Export to INTERCONNECT tools in EME wavelength sweep tool
The results from the wavelength sweep tool in EME, including group delay, can now be automatically saved in a text file that can be imported in the Optical N-port S-parameter element in INTERCONNECT. See the original IX idea.
Script command to export/import optical Material Database in FDTD and MODE
The new script commands exportmaterialdb and importmaterialdb allow users to save/load material properties in the Material Database to/from a .mdf file using the scripting environment.
SYSTEM Suite
Script command importlib to run corner analysis in INTERCONNECT
The new script command importlib accesses an specified .lib file and applies the changes in parameter values defined there to each (applicable) element in the current project file.
Report key 1D laser simulation results from TWLM
The Traveling Wave Laser Model (TWLM) in INTERCONNECT now returns the following optical properties as a function of position:
• carrier density profile
• photon density
• forward/backward power density
• recombination rates (non-radiative and radiative)
• gain spectra
• spontaneous emission spectra
• lumped gain spectra (single pass)
Improved interpolation in setsparameter script command for multiple frequency points
The setsparameter script command with the ‘propagation’ option models waveguides with loss, effective and group index, dispersion and dispersion slope specified at one or multiple frequency points. The interpolation scheme between different frequency points in the data has been improved to avoid discontinuities in the propagation constant used in the model.
CML Compiler documentation in Support portal
The documentation for the CML compiler has been migrated to the Support portal where users can now find the documentation for all Lumerical products. A valid CML Compiler license is required to access some of the contents.
CML Compiler generates compact models with statistical variations
CML compiler users can create compact model libraries with elements that account for statistical variations, allowing the end-user of the CML to perform Monte-Carlo simulations and corner analysis.
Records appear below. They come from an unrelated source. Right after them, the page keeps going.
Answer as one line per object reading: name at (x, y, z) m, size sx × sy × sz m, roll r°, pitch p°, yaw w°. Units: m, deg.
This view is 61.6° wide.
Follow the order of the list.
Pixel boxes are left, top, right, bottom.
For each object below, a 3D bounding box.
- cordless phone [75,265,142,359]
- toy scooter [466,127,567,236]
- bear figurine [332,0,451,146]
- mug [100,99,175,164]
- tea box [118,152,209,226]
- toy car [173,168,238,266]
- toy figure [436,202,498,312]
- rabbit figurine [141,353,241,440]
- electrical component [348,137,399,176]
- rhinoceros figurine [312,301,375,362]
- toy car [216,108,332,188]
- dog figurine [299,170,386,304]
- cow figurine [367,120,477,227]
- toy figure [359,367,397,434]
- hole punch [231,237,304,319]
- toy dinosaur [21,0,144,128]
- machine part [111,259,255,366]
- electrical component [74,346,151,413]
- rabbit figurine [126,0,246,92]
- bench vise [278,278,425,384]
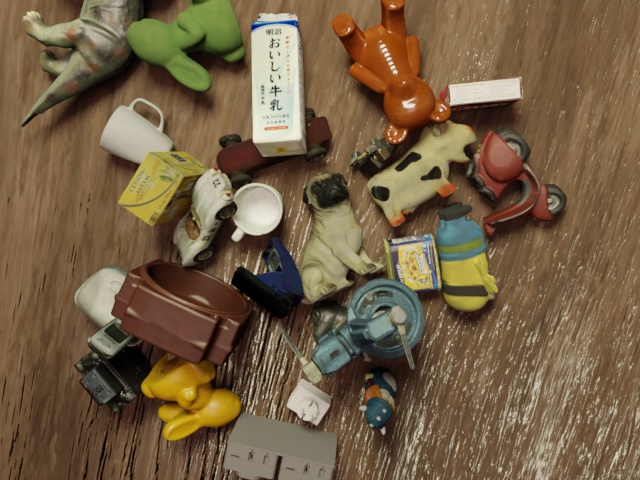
cordless phone at (-0.363, 0.129, 0.912) m, size 0.146 × 0.184 × 0.088 m, roll 41°, pitch 104°, yaw -3°
toy scooter at (0.303, -0.084, 0.882) m, size 0.135 × 0.075 × 0.184 m, roll -39°, pitch 98°, yaw 10°
bear figurine at (0.111, -0.255, 0.816) m, size 0.120 × 0.131 × 0.196 m, roll -23°, pitch 62°, yaw 9°
mug at (-0.301, -0.178, 0.918) m, size 0.107 × 0.081 × 0.109 m, roll 30°, pitch 94°, yaw -12°
tea box at (-0.245, -0.088, 0.876) m, size 0.068 × 0.169 × 0.098 m, roll 35°, pitch 98°, yaw -3°
toy car at (-0.195, -0.034, 0.896) m, size 0.073 × 0.056 × 0.201 m, roll 61°, pitch 137°, yaw 25°
toy figure at (0.237, 0.031, 0.901) m, size 0.089 × 0.082 × 0.180 m, roll -15°, pitch 102°, yaw 18°
rabbit figurine at (-0.219, 0.279, 0.955) m, size 0.162 × 0.122 × 0.173 m, roll -47°, pitch 117°, yaw -7°
electrical component at (0.088, -0.142, 0.881) m, size 0.045 × 0.102 × 0.078 m, roll 40°, pitch 79°, yaw -9°
rhinoceros figurine at (0.079, 0.151, 0.940) m, size 0.190 × 0.073 × 0.112 m, roll 6°, pitch 88°, yaw 6°
toy car at (-0.078, -0.155, 0.912) m, size 0.202 × 0.053 × 0.089 m, roll -19°, pitch 76°, yaw 6°
dog figurine at (0.001, -0.004, 0.916) m, size 0.172 × 0.121 × 0.190 m, roll -30°, pitch 81°, yaw 6°
cow figurine at (0.167, -0.122, 0.884) m, size 0.195 × 0.085 × 0.127 m, roll -34°, pitch 97°, yaw 12°
toy figure at (0.100, 0.265, 0.909) m, size 0.064 × 0.154 × 0.057 m, roll 20°, pitch 102°, yaw 2°
hole punch at (-0.076, 0.067, 0.903) m, size 0.116 × 0.142 × 0.092 m, roll 41°, pitch 65°, yaw -1°
toy dinosaur at (-0.358, -0.354, 0.879) m, size 0.192 × 0.131 × 0.404 m, roll 19°, pitch 106°, yaw 2°
machine part at (-0.218, 0.111, 0.888) m, size 0.201 × 0.201 × 0.087 m, roll 26°, pitch 98°, yaw 1°
electrical component at (-0.363, 0.235, 0.953) m, size 0.058 × 0.134 × 0.115 m, roll -40°, pitch 96°, yaw 9°
rabbit figurine at (-0.218, -0.323, 0.869) m, size 0.170 × 0.121 × 0.158 m, roll -21°, pitch 118°, yaw -7°
bench vise at (0.068, 0.133, 0.795) m, size 0.224 × 0.240 × 0.129 m, roll -23°, pitch 82°, yaw -11°

For more information please visit our documentation (access requires valid CML Compiler license).
CML Compiler available with Lumerical installation package
The CML compiler installation folder is now included in the installation package of all Lumerical products which can be downloaded here. For more information please visit our documentation (access requires valid CML Compiler license).
Verilog-A oscilloscope shows results for all channels and modes (CML Compiler)
The oscilloscope for Verilog-A photonic models allows users to view results of all channels and two fundamental modes with a single simulation. In the past, users were restricted to a single channel and mode per simulation.
Template library for CML compiler only accessible by running cml-compiler command with new argument
The Lumfoundry template library can now only be deployed by using the cml-compiler command with the “template” argument. The deployed template library contains all the source data and configuration files (fully editable) required for building your first CML with the CML compiler. For more information please visit our documentation (access requires valid CML Compiler license).
Interoperability Products
Virtuoso ADE GUI entry for displaying INTERCONNECT co-simulation netlist
The existing INTERCONNECT netlists for co-simulation testbench are now conveniently displayed in the Virtuoso ADE window under the tree of INTERCONNECT co-simulation setup, so that users do not have to recreate the netlist every time they are setting up their testbench.